Bucci – “O que eu percebo é que houve uma transformação muito grande no ensino do jornalismo fora do Brasil. Isso começou talvez nos anos 90 com a percepção de centros importantes de formação de jornalistas para o impacto que representariam as novas tecnologias. Isso levou a uma certa projeção de alguns centros de ensino de jornalismo. Eu destacaria Columbia, em Nova York, na Espanha a Universidade Navarra certamente e, ainda nos Estados Unidos talvez algumas experiências em Berkeley e aí surgiram instituições que não são de ensino, mas que começaram a aglutinar experiências que apontavam caminhos para a formação do jornalista. Uma delas na América Latina é aquela construída por Gabriel Garcia Marques ela se consagra como Fundación Nuevo Periodismo na Colombia, promove troca de ensinamentos entre jornalistas de vários países. Hoje em Columbia, por exemplo, que me parece o ponto mais avançado, existem instituições como Tall Center muito dedicado ao emprego de tecnologias da era digital no jornalismo e o centro Helen Brown que ela e o marido dela deixaram, uma aproximação entre a universidade Stanford e Columbia, de novo ligando o jornalismo e tecnologia. Isso mudou o cenário do ensino do jornalismo. O Brasil em relação a isso ficou relativamente atrasado, parte das escolas brasileiras ainda é muito atrasado em relação a essas experiências”.

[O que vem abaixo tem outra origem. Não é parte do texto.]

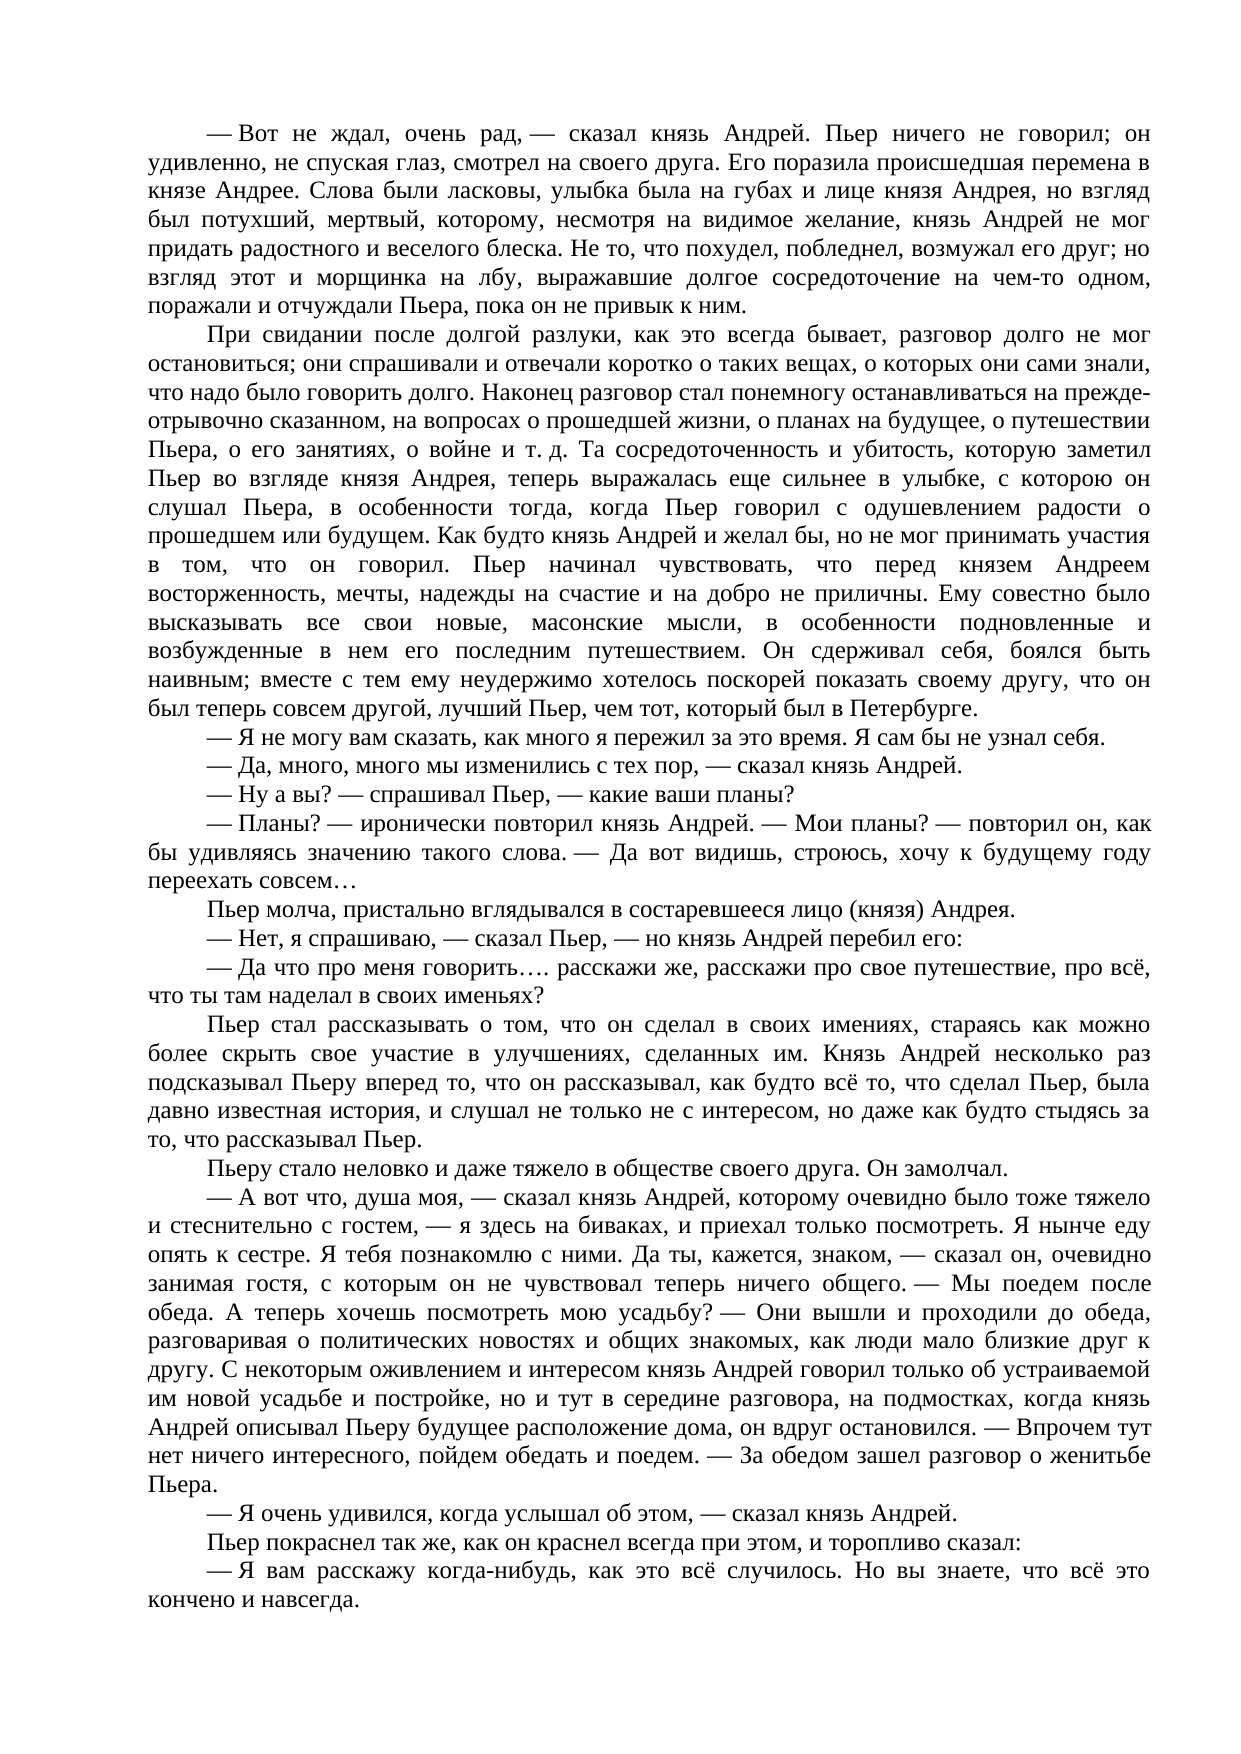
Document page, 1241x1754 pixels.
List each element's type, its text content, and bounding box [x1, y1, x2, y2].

text — Да что про меня говорить…. расскажи же, расскажи про свое путешествие, про всё, что ты там наделал в своих именьях? [148, 952, 1152, 1009]
text Пьер стал рассказывать о том, что он сделал в своих имениях, стараясь как можно более скрыть свое участие в улучшениях, сделанных им. Князь Андрей несколько раз подсказывал Пьеру вперед то, что он рассказывал, как будто всё то, что сделал Пьер, была давно известная история, и слушал не только не с интересом, но даже как будто стыдясь за то, что рассказывал Пьер. [148, 1009, 1152, 1153]
text Пьер покраснел так же, как он краснел всегда при этом, и торопливо сказал: [148, 1527, 1152, 1556]
text — Я не могу вам сказать, как много я пережил за это время. Я сам бы не узнал себя. [148, 722, 1152, 751]
text — Планы? — иронически повторил князь Андрей. — Мои планы? — повторил он, как бы удивляясь значению такого слова. — Да вот видишь, строюсь, хочу к будущему году переехать совсем… [148, 808, 1152, 894]
text Пьер молча, пристально вглядывался в состаревшееся лицо (князя) Андрея. [148, 894, 1152, 923]
text — Я вам расскажу когда-нибудь, как это всё случилось. Но вы знаете, что всё это кончено и навсегда. [148, 1556, 1152, 1613]
text — Нет, я спрашиваю, — сказал Пьер, — но князь Андрей перебил его: [148, 923, 1152, 952]
text — А вот что, душа моя, — сказал князь Андрей, которому очевидно было тоже тяжело и стеснительно с гостем, — я здесь на биваках, и приехал только посмотреть. Я нынче еду опять к сестре. Я тебя познакомлю с ними. Да ты, кажется, знаком, — сказал он, очевидно занимая гостя, с которым он не чувствовал теперь ничего общего. — Мы поедем после обеда. А теперь хочешь посмотреть мою усадьбу? — Они вышли и проходили до обеда, разговаривая о политических новостях и общих знакомых, как люди мало близкие друг к другу. С некоторым оживлением и интересом князь Андрей говорил только об устраиваемой им новой усадьбе и постройке, но и тут в середине разговора, на подмостках, когда князь Андрей описывал Пьеру будущее расположение дома, он вдруг остановился. — Впрочем тут нет ничего интересного, пойдем обедать и поедем. — За обедом зашел разговор о женитьбе Пьера. [148, 1182, 1152, 1498]
text При свидании после долгой разлуки, как это всегда бывает, разговор долго не мог остановиться; они спрашивали и отвечали коротко о таких вещах, о которых они сами знали, что надо было говорить долго. Наконец разговор стал понемногу останавливаться на прежде-отрывочно сказанном, на вопросах о прошедшей жизни, о планах на будущее, о путешествии Пьера, о его занятиях, о войне и т. д. Та сосредоточенность и убитость, которую заметил Пьер во взгляде князя Андрея, теперь выражалась еще сильнее в улыбке, с которою он слушал Пьера, в особенности тогда, когда Пьер говорил с одушевлением радости о прошедшем или будущем. Как будто князь Андрей и желал бы, но не мог принимать участия в том, что он говорил. Пьер начинал чувствовать, что перед князем Андреем восторженность, мечты, надежды на счастие и на добро не приличны. Ему совестно было высказывать все свои новые, масонские мысли, в особенности подновленные и возбужденные в нем его последним путешествием. Он сдерживал себя, боялся быть наивным; вместе с тем ему неудержимо хотелось поскорей показать своему другу, что он был теперь совсем другой, лучший Пьер, чем тот, который был в Петербурге. [148, 319, 1152, 722]
text — Вот не ждал, очень рад, — сказал князь Андрей. Пьер ничего не говорил; он удивленно, не спуская глаз, смотрел на своего друга. Его поразила происшедшая перемена в князе Андрее. Слова были ласковы, улыбка была на губах и лице князя Андрея, но взгляд был потухший, мертвый, которому, несмотря на видимое желание, князь Андрей не мог придать радостного и веселого блеска. Не то, что похудел, побледнел, возмужал его друг; но взгляд этот и морщинка на лбу, выражавшие долгое сосредоточение на чем-то одном, поражали и отчуждали Пьера, пока он не привык к ним. [148, 118, 1152, 319]
text — Да, много, много мы изменились с тех пор, — сказал князь Андрей. [148, 751, 1152, 779]
text — Я очень удивился, когда услышал об этом, — сказал князь Андрей. [148, 1498, 1152, 1527]
text — Ну а вы? — спрашивал Пьер, — какие ваши планы? [148, 779, 1152, 808]
text Пьеру стало неловко и даже тяжело в обществе своего друга. Он замолчал. [148, 1153, 1152, 1182]

Para Bucci um tipo de defasagem é o que ele chama de elaboração acadêmica do jornalismo, como a criação de categorias que limitam a formação.
Bucci – “Então se fala de jornalismo radiofônico, jornalismo impresso. Imagine, em algumas instituições existe a categoria de jornalismo impresso como se fosse diferente de jornalismo digital. Na verdade, qualquer redação hoje, mesmo no interior do Brasil, as pequenas publicações, a experiência do jornalismo digital acompanha o jornalismo impresso e o jornalismo impresso já não pode mais ser pensado como modalidade em relação às novas possibilidades de difusão. É uma outra marca distintiva dessa defasagem a que eu me refiro. Há mais algumas, por exemplo, as escolas brasileiras ainda pensam a assessoria de imprensa como uma especialização do jornalismo o que é um paradoxo, na verdade é uma espécie de monstrengo conceitual. Em nenhum outro centro de formação e de estudo jornalismo existe esse tipo de confusão. A assessoria de imprensa é uma atividade, a reportagem, o jornalismo, o jornalismos de opinião, é outro campo de atividade. Isso não significa no entanto que existam experiências positivas na formação do jornalismo. O caminho é promissor. Eu sou professor, gosto e pretendo continuar sendo professor. Acho que todos esses problemas são superáveis, mas o ensino mudou muito e a universidade brasileira está se atrasando em perceber as direções dessas mudanças”.